The court also noted that the inclusion of a separate exemption specifically addressing benefits, Section 207(e)(4), indicated that Congress did not consider Section 207(e)(2) to already exempt payments related to benefits.
Second, the Court of Appeals held that because the City’s cash-in-lieu of benefits payments were made directly to employees, they did not qualify under Section 207(e)(4), which excludes from the regular rate of pay “contributions irrevocably made by an employer to a trustee or third party pursuant to a bona fide plan for providing old-age, retirement, life, accident, or health insurance or similar benefits for employees.” The Court further ruled that even if the City had made these payments directly to a trustee or third party, its flexible benefits plan did not qualify as a “bona fide plan.” The court looked to the Department of Labor’s interpretation of this term in 29 C.F.R. section 778.215, which states that incidental payments to employees do not affect whether there is a bona fide plan under 207(e)(4). Given that cash-in-lieu of benefits payments constituted 40 percent of the City’s payments under its plan, the court concluded they were not incidental and thus could not be excluded.

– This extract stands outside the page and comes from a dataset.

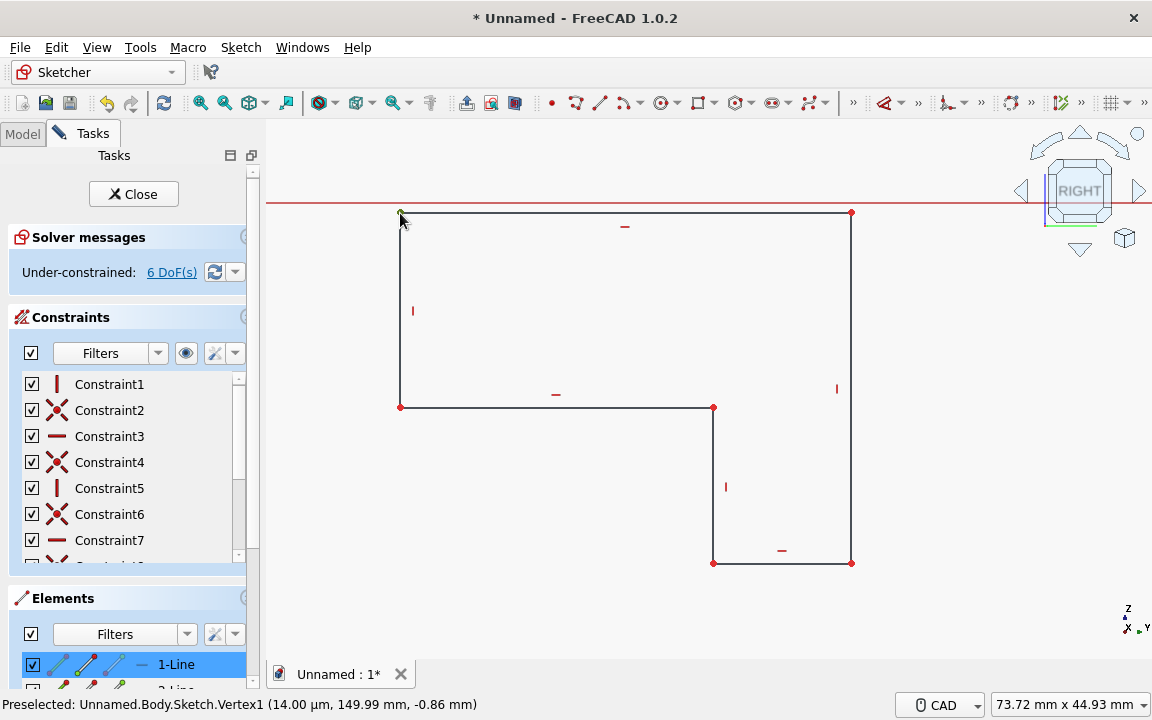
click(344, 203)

Third, the court found the City liable for liquidated damages. Section 216(b) of the FLSA requires employers that violate the statute to pay employees their unpaid overtime compensation plus “an additional equal amount as liquidated damages.” Liquidated damages may be reduced or eliminated if the employer shows that it acted in good faith and had reasonable grounds to believe that its actions did not violate the Act. The court held that neither exception applied.

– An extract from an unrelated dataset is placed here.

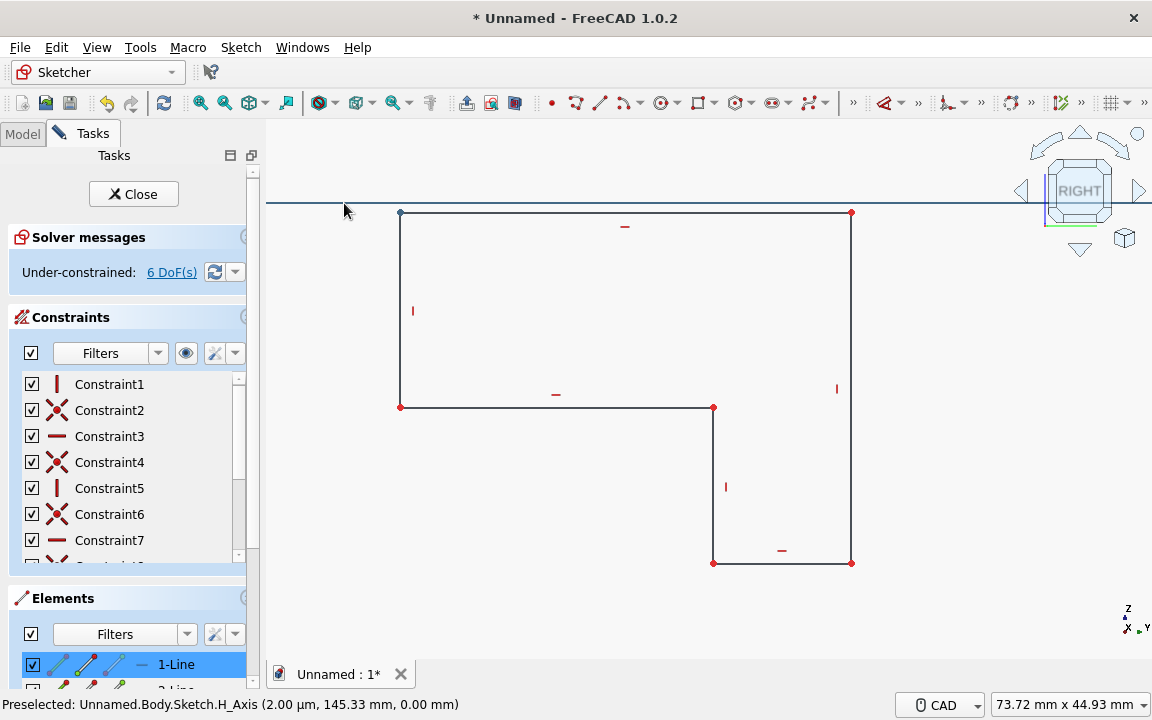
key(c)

Finally, the Court of Appeals held the City willfully violated the FLSA. Under FLSA section 255(a), the statute’s two-year statute of limitations may be extended to three years if an employer’s violation is “willful.” The court noted that a violation is willful if the employer is on notice of the FLSA’s requirements, yet takes no action to assure compliance. The court found the City was aware of the FLSA’s mandates, as it distinguished between “premium” payments and “benefit” payments.
Two of the Ninth Circuit judges signed a concurring opinion on the basis that “our willfulness caselaw in the context of the FLSA statute of limitations is off track.” Using a phrase that might amuse Game of Thrones fans, the concurring opinion stated that by finding a willful violation whenever the employer knew the FLSA “was in the picture,” the majority opinion “comes very close to a qyburnian resurrection” of a standard that a Supreme Court decision had made defunct.

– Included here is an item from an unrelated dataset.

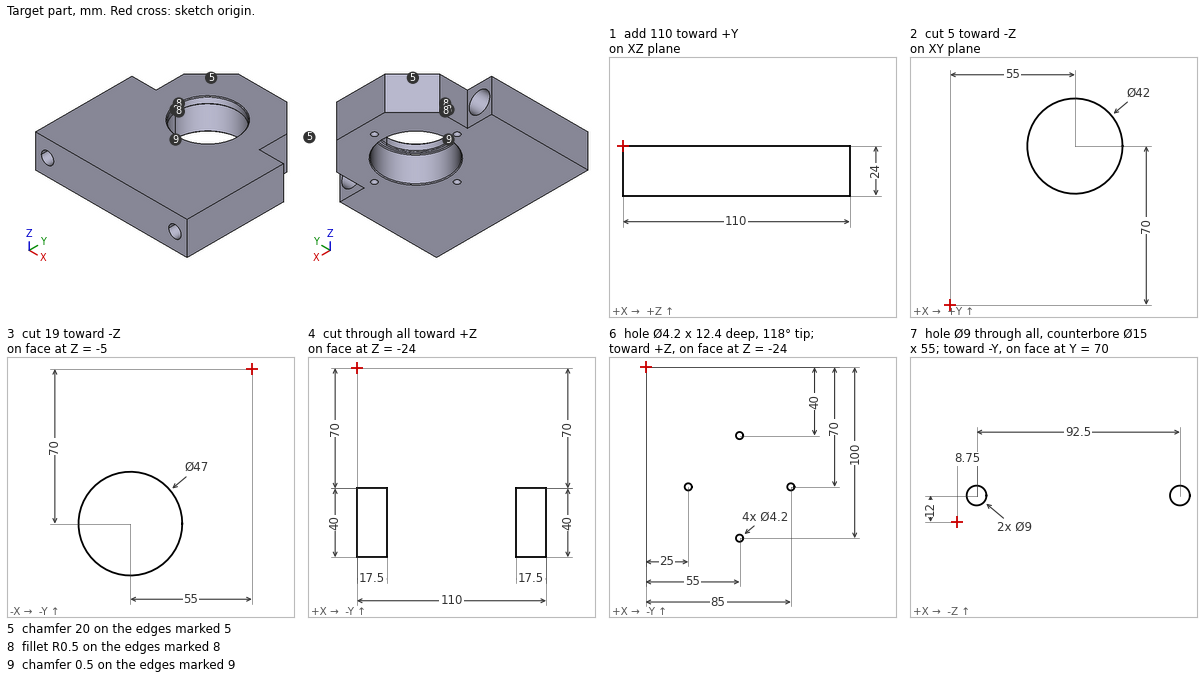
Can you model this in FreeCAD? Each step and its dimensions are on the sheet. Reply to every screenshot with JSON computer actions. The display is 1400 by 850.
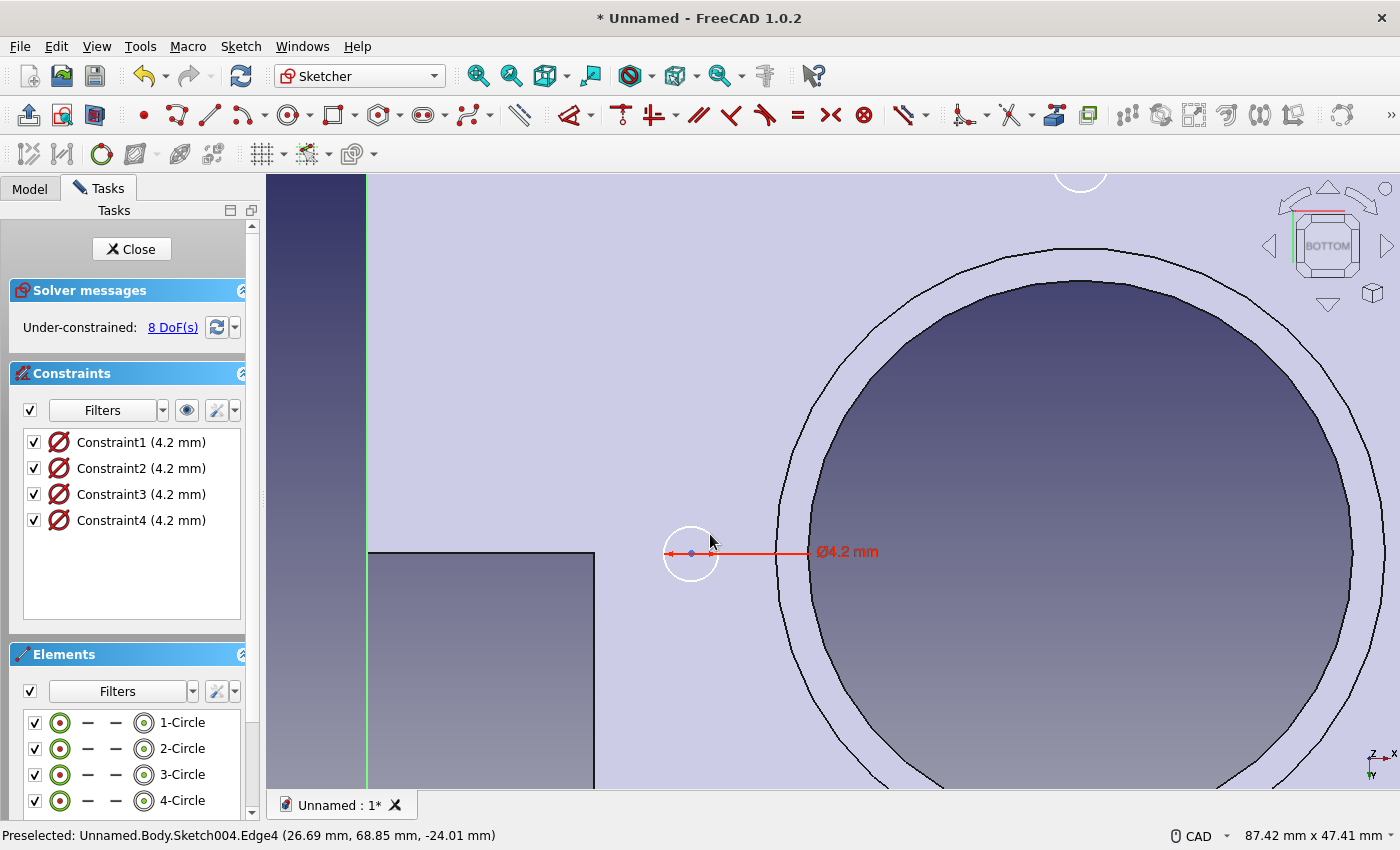
{"action": "scroll", "coordinate": [692, 557], "scroll_direction": "down", "scroll_amount": 6}

The potential impact of this decision promises to be dramatic. Employers may need to immediately add cash-in-lieu of benefits in their calculations of overtime payments for non-exempt employees, so as to avoid claims for double damages for a three-year period. We anticipate the City may file a petition for rehearing with the Ninth Circuit Court of Appeals and/or a petition for certiorari with the United States Supreme Court, so this may not be the last word on this issue.